Thursday, March 31, 2011
In Disadvantaged Business Enterprise Program, Anti-Union Views Are Not Religious Beliefs
In Best Wood Judge Firewood and Tree Service v. U.S. Department of Transportation, 2011 U.S. Dist. LEXIS 32405 (ED WI, March 25, 2011), a Wisconsin federal district court rejected a claim by the owner of a land clearing business that his free exercise rights were infringed when he was denied certification that would have made him eligible for a federally-funded Disadvantaged Business Enterprise program. Owner Thomas Holzrichter claimed he was "socially disadvantaged" since he had consistently been denied subcontracts on Wisconsin Department of Transportation projects because neither he nor his employees were union members. Holzrichter claimed that he had strong moral and religious beliefs that precluded him from joining a union. However the court held:
Holzrichter admits that his Roman Catholic faith does not reject union membership. Moreover, Holzrichter is not opposed to all unions or the concept of union membership—and approves of teachers' and state workers' unions such as his wife's union—thereby reducing any inference that he holds an anti-union belief "religiously." Holzrichter is vehemently opposed to joining Local 139, and that objection may be based in his personal beliefs, ethics and morals. But in this court's opinion Holzrichter's opposition to Local 139 alone does not equate with his devotion to the divine, an ultimate being, or that which has ultimate importance. Holzrichter's opposition to Local 139 is neither required by a religious faith nor part of any personal religiousness; it is a personal preference based on personal principles.
Suit In Lebanon Attacks Politician For Criticizing Veiled Muslim Women
Lebanon's Daily Star reports on a lawsuit that has been filed in Beirut against Wiam Wahhab, leader of the Tawhid Party, by 70 Lebanese and Saudi women for remarks Wahhab made about Muslim women's veils. In a television interview earlier this month, Wahhab described Saudi women as being made to wear “black trash bags." The lawsuit claims that Wahhab should be prosecuted for inciting religious hatred (Lebanon Penal Code Art. 317) and insulting religion (Lebanon Penal Code Art. 474). Plaintiffs also want the court to shut down the Tawhid Party. Wahhab has apologized for his remarks, saying they were aimed a Saudi authorities for their oppressive treatment of women.
Anti-Abortion Group Challenges Library's Rules For Use of Meeting Rooms
An anti-abortion group, 40 Days for Life, filed a federal lawsuit yesterday against a Wisconsin public library that cancelled the group's scheduled showing in a library public meeting room of a film titled Blood Money.

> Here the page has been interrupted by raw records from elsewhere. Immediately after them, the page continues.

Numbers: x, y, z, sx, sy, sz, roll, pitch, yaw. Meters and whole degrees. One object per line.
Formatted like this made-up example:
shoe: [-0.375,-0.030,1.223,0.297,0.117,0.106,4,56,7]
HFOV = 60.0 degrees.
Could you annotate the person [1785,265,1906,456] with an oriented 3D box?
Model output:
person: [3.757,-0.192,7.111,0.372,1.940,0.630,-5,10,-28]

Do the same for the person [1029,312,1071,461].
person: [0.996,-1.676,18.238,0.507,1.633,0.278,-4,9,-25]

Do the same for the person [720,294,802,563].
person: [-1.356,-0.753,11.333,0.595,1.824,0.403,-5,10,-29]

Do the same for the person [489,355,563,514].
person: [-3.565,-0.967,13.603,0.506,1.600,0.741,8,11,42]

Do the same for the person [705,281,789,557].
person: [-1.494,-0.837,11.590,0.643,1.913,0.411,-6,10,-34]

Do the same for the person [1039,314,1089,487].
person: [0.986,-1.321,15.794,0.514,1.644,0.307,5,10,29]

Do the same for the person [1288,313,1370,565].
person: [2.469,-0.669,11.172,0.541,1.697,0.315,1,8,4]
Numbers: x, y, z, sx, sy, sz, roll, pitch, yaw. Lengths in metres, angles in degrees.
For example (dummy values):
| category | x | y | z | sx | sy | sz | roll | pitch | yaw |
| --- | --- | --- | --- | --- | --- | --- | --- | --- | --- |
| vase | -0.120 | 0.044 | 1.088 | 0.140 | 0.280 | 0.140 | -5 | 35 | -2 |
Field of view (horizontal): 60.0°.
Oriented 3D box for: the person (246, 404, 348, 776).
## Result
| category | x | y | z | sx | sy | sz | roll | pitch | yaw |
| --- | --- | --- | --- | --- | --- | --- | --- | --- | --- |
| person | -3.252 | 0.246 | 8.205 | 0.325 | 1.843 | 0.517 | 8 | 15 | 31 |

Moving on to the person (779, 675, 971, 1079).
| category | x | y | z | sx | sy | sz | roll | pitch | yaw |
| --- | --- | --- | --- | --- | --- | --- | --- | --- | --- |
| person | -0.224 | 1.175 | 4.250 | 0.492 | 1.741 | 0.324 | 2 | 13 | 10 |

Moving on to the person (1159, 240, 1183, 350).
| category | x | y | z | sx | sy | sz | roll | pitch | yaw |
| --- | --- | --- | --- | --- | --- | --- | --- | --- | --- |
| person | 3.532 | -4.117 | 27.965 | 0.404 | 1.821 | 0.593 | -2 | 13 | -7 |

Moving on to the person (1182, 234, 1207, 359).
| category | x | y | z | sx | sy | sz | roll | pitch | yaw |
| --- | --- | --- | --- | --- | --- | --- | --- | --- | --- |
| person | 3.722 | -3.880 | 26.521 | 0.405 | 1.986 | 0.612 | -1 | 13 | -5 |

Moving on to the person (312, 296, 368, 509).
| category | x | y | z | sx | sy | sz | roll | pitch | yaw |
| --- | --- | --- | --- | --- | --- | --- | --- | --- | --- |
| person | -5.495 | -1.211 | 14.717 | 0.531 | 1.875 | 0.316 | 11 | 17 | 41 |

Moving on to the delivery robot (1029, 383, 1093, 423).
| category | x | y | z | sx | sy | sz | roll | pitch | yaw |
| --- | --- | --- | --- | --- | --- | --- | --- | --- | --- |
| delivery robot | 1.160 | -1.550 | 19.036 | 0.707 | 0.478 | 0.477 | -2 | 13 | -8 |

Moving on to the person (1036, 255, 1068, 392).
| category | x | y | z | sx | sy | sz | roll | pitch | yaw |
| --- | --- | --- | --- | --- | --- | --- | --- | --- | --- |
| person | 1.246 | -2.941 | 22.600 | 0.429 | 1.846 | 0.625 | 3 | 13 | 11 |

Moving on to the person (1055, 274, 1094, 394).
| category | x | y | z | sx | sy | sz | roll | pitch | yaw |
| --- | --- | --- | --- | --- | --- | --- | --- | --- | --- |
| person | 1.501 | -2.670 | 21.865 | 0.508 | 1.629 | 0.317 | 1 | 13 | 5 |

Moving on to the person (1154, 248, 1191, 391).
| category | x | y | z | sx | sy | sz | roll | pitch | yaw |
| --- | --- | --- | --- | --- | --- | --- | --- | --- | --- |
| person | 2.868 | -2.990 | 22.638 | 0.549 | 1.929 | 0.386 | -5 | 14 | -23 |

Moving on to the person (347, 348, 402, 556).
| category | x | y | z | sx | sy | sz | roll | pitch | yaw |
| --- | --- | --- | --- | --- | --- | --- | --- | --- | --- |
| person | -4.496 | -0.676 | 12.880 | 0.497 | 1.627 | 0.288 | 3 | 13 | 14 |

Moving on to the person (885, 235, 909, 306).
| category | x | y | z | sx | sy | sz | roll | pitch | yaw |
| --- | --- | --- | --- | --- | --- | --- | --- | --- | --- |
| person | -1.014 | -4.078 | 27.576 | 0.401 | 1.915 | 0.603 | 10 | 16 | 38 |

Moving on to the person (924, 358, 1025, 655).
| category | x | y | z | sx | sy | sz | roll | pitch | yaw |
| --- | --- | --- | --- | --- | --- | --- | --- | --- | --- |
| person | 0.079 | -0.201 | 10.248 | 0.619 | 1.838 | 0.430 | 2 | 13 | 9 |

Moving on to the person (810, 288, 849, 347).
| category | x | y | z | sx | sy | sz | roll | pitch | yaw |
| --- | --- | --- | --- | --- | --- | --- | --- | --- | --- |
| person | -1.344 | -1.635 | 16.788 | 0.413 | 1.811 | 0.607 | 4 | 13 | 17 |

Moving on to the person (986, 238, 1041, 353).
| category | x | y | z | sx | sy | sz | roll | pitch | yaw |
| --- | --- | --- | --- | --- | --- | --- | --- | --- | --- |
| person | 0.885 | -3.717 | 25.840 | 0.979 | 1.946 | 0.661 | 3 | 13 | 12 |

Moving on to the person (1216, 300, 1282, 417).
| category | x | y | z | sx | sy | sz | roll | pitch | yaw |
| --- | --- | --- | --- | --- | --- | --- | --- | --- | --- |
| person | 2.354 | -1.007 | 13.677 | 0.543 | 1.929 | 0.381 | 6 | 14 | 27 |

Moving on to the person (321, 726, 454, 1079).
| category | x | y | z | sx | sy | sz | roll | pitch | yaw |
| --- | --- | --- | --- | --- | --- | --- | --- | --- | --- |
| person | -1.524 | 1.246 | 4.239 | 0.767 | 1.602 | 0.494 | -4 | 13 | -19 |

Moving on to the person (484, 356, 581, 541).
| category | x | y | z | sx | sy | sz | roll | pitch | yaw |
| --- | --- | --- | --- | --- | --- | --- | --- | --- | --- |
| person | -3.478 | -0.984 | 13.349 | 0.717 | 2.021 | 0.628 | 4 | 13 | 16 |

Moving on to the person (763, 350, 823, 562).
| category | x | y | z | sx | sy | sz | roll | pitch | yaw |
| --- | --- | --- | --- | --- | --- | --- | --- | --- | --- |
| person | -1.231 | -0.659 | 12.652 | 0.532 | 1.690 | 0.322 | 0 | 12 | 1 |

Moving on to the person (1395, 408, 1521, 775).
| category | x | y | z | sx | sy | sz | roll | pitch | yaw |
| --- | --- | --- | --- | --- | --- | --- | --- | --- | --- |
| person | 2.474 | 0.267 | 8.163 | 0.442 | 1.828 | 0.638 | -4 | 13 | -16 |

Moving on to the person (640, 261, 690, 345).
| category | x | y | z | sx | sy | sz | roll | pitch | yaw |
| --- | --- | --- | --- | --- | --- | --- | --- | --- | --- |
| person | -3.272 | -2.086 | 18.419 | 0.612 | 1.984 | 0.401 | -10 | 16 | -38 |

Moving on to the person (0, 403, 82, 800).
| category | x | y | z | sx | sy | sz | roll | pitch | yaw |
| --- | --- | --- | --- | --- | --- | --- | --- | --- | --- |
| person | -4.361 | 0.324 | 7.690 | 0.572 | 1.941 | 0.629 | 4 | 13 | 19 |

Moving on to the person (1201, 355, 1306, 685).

The library claimed that the film would interfere with normal use of the library and therefore was in violation of the library's rules for use of meeting rooms. The Memorandum in Support of Motion for Temporary Restraining Order and Preliminary Injunction (full text) in 40 Days For Life of Wassau v. Illick, (WD WI, filed 3/30/2011), claims that the Marathon County (WI) library's standards for use of public meeting rooms are vague and place unlimited discretion in the hands of the library director and trustees. It also claims the rules are not viewpoint neutral. Thomas More Society yesterday issued a press release announcing the filing of the lawsuit.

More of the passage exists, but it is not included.